Mikael would only ever associate with us when there were no other Heirs around. He was too much of a coward as a child to stand up for his friends who were Worker Bees, fearing the ridicule of the other Heirs.

At first, I was angry about it but as the years went on, I began to understand. The reality was, as we learned more about The Council, that in the future it would be those people he would have to work and associate with on a daily basis, not Nyah and myself. He couldn't afford to sever his ties with them now, or risk his future. Even Cassiopeia told us to keep our distance from him and them. Saying we would one day be at their disposal and it was best we kept to ourselves and not give them any more reason to taunt us.

Mikael and I made a peace agreement of sorts to be secret friends and we took Cassiopeia's advice, kind of. We kept to ourselves at the Program camps when in public but found ways to play together at night or sneaking off for adventures during the day, just the three of us. The Heirs never tried to taunt me again after that day at the lake, and as long as Nyah was with me, she was spared as well with them knowing that I would defend and protect her.

The further into our bus journey towards camp, picking up more campers along the way, the more I realized I was looking forward to seeing both Nyah and Mikael again.

"Everybody out! Let's go!" Cassiopeia's voice boomed like thunder when our bus came to a stop arriving at the camp. "Move it!" She added when we weren't moving quickly enough.

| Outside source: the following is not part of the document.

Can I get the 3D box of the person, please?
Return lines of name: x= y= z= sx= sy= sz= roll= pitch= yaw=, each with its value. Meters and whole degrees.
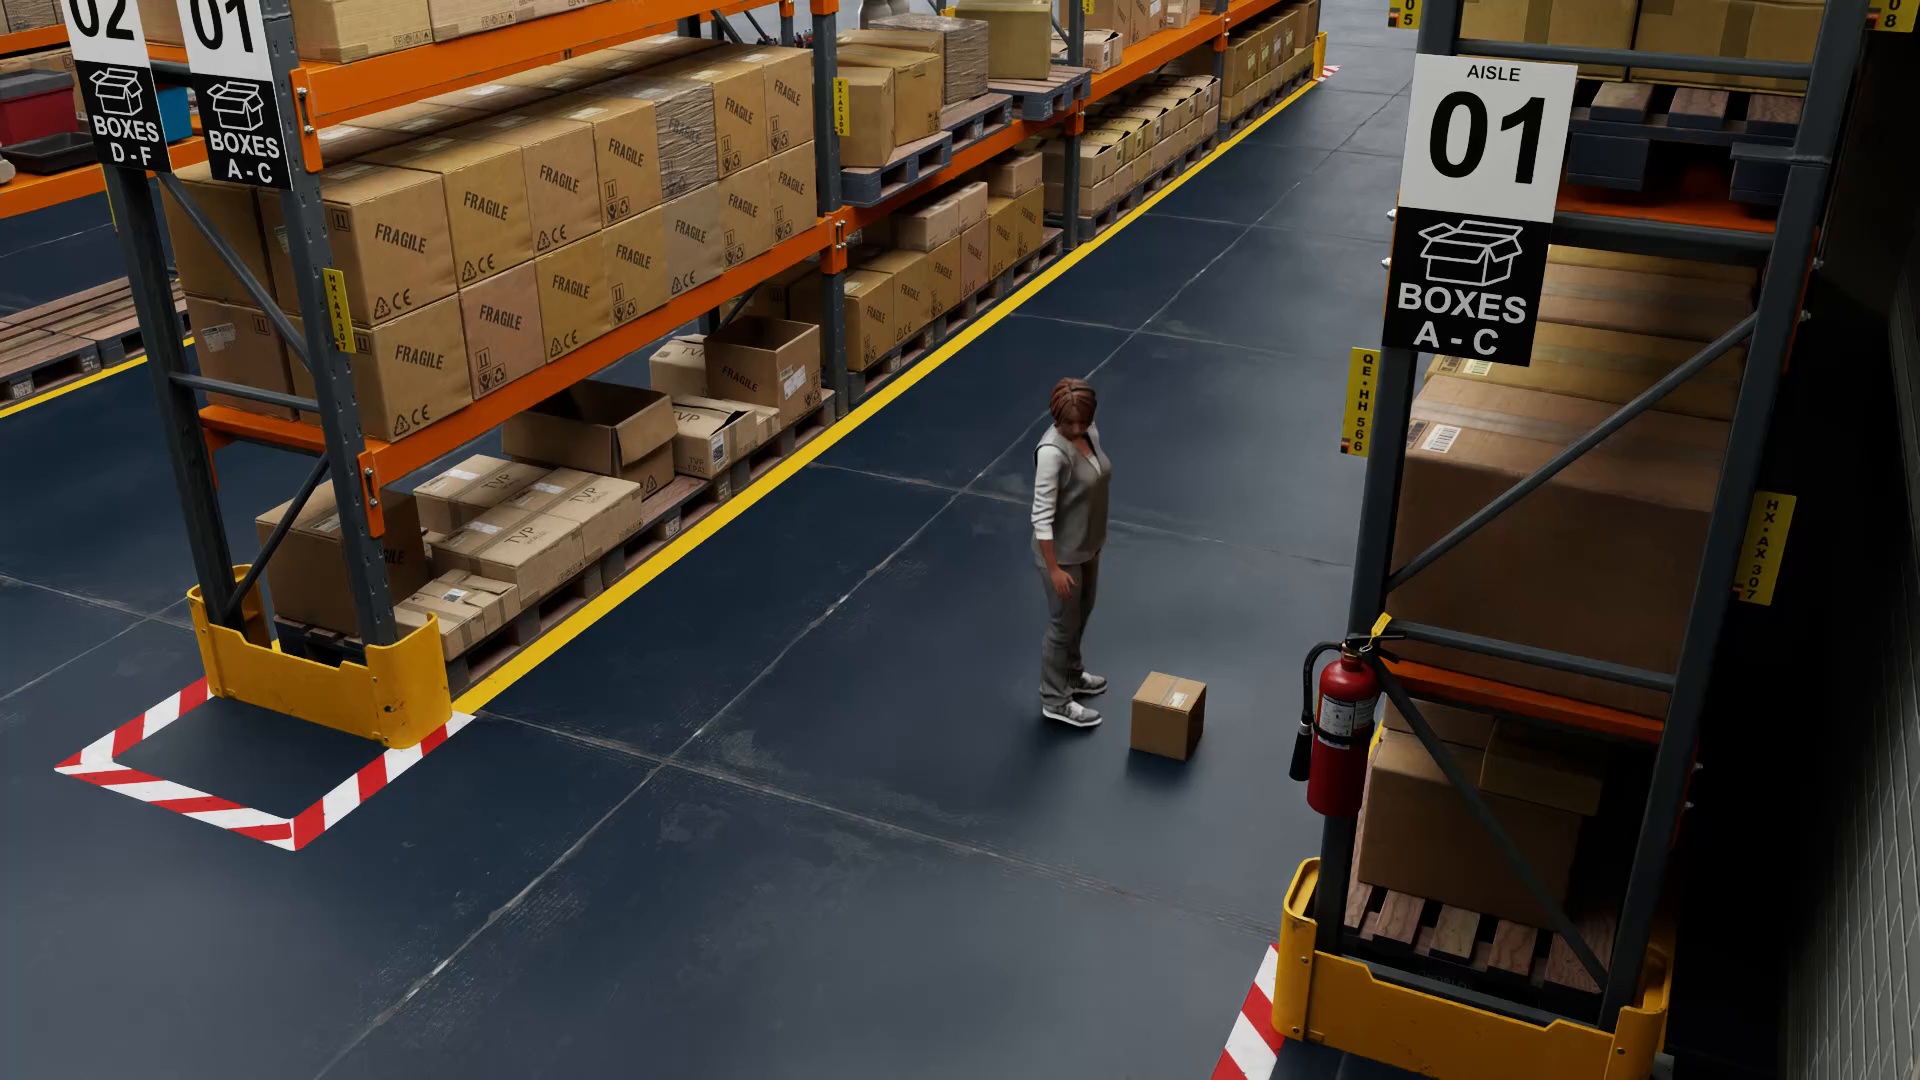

And so it begins. I sigh slinging my duffle quickly over my shoulder and jumping into action. I can already tell by the sound of her voice that this summer was going to be brutal. The older we get, the more difficult it has become.

"Camp Frost kids to the left," She orders those other campers who are going to the other side of the lake. The fun side, as we called it. "Camp Council kids to the right."

Immediately, I step to the right and form up with the other campers from my camp who are getting off of other collection buses. I am the only one from my entire town going to Camp Council as all of the others go to Camp Frost. We remain quietly huddled watching as all of the other campers depart again for the other side of the lake. Everyone in Camp Council wishes we could join them. We hear their laughter sometimes echoing across the lake and we wonder if they can hear our screams echoing back.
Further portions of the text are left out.